# Seiko 7006-6000



## SBryantgb (Jul 2, 2015)

I had forgotten that I had bought this, I guess because I was pretty much only going to buy vintage Swiss watches. But I have to say that this old Seiko is stunning. My ability to take a good picture seems to be declining so I apologise for the shoddy images. They really don't do this watch justice.








.


----------



## Krispy (Nov 7, 2010)

Looks very similar to that Tissot of yours...


----------



## Guest (Mar 21, 2016)

SBryantgb said:


> I had forgotten that I had bought this, I guess because I was pretty much only going to buy vintage Swiss watches. But I have to say that this old Seiko is stunning. My ability to take a good picture seems to be declining so I apologise for the shoddy images. They really don't do this watch justice.
> 
> .





Krispy said:


> Looks very similar to that Tissot of yours...


 clearly used the Tissot to fake a Seiko............obvious :angry:

PS prefer the Seiko :thumbsup:


----------



## SBryantgb (Jul 2, 2015)

I agree that with the Seiko homage salute invocation have produced a classier looking watch than the Tissot :thumbsup:


----------



## Krispy (Nov 7, 2010)

But they never appear in the same pic together??


----------



## SBryantgb (Jul 2, 2015)

Krispy said:


> Looks very similar to that Tissot of yours...

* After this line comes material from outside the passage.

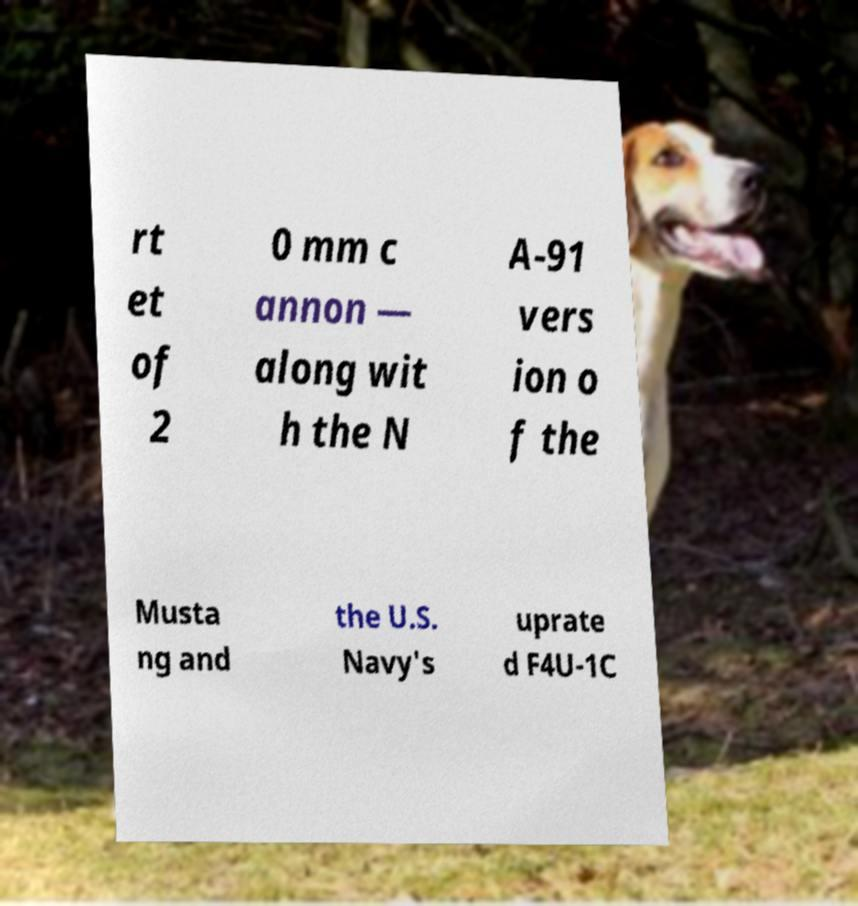Can you read and provide the text displayed in the image?This photo seems to have some interesting text. Can you extract and type it out for me? rt et of 2 0 mm c annon — along wit h the N A-91 vers ion o f the Musta ng and the U.S. Navy's uprate d F4U-1C

 Totally dissimilar one is obviously quite squarish with a round face the other is roundish but square at the same time.


----------



## SilentBob (Jul 15, 2015)

It's like the left twix vs right twix scenario.


----------



## Lou61 (Aug 9, 2015)

Love everything about that Seiko. The Tissot isn't too shabby either. Two more for 'the list'.


----------